(Records begins)

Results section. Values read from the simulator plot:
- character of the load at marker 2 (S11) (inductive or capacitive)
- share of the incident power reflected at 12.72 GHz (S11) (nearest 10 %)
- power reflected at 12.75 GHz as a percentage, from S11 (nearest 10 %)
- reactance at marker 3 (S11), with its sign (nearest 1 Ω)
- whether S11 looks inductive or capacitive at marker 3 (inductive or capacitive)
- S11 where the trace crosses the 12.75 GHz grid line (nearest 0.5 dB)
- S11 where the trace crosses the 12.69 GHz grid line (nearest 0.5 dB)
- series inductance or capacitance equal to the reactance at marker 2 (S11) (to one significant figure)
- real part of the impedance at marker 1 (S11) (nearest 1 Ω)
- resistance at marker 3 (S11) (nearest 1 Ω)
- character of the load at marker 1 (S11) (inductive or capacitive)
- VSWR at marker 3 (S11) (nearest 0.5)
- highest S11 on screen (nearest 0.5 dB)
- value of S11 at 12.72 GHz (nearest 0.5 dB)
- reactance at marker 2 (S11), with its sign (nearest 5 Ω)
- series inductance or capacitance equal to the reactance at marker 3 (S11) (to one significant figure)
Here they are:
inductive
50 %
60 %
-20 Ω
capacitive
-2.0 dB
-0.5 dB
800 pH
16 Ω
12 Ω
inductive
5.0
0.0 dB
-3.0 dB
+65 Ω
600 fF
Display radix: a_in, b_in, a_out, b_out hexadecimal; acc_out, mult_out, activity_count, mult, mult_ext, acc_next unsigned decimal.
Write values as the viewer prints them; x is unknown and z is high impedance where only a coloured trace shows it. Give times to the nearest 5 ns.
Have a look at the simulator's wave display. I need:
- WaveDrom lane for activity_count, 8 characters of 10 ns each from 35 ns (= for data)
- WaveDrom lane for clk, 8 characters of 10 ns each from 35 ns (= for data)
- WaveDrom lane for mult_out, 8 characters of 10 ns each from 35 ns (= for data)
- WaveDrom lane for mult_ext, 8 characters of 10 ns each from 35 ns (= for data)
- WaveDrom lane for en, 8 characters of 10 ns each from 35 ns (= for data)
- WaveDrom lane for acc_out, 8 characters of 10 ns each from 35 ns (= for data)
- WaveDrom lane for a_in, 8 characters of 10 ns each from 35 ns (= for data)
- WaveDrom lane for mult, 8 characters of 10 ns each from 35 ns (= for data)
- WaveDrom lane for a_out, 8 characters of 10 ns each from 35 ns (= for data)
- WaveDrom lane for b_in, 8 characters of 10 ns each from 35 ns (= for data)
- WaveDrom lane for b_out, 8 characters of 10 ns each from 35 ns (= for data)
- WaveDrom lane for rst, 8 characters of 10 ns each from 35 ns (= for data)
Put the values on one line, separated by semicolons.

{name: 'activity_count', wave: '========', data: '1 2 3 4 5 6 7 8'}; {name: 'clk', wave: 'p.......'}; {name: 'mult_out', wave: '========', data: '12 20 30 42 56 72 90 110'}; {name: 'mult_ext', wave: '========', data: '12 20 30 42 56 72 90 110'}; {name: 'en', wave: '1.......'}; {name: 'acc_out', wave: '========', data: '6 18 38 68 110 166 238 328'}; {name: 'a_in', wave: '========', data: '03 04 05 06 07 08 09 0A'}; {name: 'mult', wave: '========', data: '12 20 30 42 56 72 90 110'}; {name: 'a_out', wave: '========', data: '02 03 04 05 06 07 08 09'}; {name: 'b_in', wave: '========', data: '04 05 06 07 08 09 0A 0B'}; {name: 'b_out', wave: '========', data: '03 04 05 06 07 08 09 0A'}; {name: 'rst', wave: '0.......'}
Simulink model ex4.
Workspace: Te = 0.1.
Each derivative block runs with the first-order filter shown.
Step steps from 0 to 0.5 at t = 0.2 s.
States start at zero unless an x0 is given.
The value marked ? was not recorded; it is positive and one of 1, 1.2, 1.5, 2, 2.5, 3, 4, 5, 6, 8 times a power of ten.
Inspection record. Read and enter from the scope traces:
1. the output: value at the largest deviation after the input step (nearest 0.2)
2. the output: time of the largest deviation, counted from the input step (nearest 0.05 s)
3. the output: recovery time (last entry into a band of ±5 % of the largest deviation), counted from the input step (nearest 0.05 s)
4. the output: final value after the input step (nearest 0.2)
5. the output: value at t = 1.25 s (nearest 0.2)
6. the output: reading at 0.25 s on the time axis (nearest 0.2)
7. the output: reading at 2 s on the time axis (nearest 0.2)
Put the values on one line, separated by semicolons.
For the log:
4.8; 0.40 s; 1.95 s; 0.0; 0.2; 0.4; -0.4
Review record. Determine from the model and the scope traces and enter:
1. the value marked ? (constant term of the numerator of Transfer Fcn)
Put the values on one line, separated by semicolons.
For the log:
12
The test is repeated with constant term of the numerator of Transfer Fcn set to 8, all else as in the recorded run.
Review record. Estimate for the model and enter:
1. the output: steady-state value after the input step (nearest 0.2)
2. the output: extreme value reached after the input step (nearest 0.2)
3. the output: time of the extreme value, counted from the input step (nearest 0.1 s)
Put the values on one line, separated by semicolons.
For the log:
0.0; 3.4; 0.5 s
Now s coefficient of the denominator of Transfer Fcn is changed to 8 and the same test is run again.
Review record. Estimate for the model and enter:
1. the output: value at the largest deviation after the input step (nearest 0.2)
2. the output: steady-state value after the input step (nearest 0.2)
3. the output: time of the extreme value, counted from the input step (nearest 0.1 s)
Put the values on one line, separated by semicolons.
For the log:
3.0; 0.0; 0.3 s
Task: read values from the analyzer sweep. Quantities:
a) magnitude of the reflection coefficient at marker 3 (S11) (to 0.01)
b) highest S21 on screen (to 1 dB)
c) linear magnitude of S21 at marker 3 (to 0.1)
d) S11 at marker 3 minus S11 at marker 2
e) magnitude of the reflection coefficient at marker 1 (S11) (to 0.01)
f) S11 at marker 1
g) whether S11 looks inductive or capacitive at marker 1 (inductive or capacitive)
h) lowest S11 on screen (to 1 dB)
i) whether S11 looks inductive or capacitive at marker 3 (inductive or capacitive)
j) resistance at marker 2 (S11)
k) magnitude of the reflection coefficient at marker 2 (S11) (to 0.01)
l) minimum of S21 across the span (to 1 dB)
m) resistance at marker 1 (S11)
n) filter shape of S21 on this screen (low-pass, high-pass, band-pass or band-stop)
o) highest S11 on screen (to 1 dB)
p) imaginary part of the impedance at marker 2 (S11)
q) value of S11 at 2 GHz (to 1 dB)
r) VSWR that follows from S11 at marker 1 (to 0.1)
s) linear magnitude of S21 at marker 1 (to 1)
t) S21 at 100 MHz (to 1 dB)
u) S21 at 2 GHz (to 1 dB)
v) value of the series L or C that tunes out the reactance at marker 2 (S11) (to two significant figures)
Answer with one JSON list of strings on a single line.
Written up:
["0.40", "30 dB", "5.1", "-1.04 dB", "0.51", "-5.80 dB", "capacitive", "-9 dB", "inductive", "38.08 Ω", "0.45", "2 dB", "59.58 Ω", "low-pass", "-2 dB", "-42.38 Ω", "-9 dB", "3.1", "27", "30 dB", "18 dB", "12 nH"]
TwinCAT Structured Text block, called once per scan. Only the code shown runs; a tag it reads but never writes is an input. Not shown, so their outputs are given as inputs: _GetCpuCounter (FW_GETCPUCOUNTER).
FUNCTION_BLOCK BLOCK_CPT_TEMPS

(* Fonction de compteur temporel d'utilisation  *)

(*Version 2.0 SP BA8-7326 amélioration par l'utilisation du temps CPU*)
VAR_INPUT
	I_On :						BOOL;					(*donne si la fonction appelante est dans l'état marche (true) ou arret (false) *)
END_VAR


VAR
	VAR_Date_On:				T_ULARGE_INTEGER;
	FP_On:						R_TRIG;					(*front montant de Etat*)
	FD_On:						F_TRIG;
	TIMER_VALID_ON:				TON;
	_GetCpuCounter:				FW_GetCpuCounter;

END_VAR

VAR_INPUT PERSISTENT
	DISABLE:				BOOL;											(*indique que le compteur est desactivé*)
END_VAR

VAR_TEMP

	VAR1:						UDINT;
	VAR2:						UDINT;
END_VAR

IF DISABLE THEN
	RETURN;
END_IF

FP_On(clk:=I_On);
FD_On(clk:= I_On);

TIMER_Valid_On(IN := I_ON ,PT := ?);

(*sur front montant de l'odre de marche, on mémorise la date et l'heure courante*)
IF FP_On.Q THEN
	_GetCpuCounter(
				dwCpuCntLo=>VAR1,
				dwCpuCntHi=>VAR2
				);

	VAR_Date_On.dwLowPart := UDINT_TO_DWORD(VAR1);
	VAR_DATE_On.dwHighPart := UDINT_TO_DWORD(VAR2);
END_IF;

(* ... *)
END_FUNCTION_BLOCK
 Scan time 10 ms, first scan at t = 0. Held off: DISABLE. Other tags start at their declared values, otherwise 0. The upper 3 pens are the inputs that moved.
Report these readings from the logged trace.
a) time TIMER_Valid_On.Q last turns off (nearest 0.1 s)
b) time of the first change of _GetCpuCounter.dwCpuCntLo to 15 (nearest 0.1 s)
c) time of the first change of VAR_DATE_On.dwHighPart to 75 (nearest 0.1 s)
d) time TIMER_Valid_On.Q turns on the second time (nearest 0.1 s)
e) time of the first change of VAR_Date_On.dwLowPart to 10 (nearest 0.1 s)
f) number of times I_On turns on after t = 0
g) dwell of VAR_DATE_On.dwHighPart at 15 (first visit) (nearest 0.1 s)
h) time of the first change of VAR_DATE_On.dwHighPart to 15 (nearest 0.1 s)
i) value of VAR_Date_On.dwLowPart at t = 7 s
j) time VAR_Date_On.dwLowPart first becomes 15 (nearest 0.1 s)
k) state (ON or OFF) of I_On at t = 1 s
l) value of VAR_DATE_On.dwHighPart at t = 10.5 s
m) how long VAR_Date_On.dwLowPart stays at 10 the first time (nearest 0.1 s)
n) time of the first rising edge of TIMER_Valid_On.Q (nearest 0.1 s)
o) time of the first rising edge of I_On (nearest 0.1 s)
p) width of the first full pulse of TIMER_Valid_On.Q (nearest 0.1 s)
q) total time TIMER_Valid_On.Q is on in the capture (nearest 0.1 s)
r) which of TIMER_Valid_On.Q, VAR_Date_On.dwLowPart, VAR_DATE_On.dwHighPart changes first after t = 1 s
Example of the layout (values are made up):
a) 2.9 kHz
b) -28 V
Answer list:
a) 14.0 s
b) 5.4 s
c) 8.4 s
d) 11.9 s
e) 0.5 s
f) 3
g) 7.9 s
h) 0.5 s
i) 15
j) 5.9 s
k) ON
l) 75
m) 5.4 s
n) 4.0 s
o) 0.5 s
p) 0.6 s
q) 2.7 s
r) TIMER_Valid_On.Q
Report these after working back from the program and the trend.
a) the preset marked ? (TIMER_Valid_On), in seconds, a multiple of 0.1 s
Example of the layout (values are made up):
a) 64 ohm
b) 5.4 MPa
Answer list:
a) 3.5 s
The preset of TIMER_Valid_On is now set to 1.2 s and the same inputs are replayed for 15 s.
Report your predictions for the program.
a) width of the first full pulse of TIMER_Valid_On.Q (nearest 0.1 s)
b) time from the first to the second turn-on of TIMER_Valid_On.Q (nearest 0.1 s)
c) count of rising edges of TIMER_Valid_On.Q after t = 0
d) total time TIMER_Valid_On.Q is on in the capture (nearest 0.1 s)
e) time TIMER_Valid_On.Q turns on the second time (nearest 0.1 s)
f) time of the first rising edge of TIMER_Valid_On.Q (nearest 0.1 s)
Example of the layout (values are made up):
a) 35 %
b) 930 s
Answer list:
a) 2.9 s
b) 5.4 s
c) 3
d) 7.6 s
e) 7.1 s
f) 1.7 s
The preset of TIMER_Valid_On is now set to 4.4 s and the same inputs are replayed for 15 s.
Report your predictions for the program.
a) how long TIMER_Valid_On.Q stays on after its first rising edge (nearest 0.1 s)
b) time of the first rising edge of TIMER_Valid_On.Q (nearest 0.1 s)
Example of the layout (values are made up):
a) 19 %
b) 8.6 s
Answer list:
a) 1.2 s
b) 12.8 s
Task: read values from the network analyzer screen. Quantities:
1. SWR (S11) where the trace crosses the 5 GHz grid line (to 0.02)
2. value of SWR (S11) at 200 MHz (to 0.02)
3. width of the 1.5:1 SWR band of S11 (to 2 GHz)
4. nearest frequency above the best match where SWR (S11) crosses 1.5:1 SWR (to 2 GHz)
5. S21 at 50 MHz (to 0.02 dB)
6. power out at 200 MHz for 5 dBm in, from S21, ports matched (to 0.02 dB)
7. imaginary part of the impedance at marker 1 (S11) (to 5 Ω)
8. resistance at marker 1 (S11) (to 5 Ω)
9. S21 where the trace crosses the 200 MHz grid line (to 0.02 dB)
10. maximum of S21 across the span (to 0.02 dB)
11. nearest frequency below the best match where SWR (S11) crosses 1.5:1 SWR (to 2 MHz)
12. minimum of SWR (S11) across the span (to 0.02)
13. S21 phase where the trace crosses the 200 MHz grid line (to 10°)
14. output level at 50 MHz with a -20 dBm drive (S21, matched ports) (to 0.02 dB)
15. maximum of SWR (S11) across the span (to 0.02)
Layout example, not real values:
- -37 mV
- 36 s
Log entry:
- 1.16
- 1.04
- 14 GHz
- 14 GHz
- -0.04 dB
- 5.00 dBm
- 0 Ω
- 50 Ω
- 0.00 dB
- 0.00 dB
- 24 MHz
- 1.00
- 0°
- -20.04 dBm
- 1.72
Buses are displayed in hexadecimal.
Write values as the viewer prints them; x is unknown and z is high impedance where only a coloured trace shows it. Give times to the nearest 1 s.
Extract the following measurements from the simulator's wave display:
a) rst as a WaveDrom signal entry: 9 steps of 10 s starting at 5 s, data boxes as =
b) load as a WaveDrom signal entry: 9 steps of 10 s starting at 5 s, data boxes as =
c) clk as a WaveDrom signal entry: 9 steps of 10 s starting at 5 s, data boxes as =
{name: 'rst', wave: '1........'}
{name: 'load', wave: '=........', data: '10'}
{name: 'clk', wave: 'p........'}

(Records ends)

Tally every line of the data that includes "significant". Report the number and nothing more.

3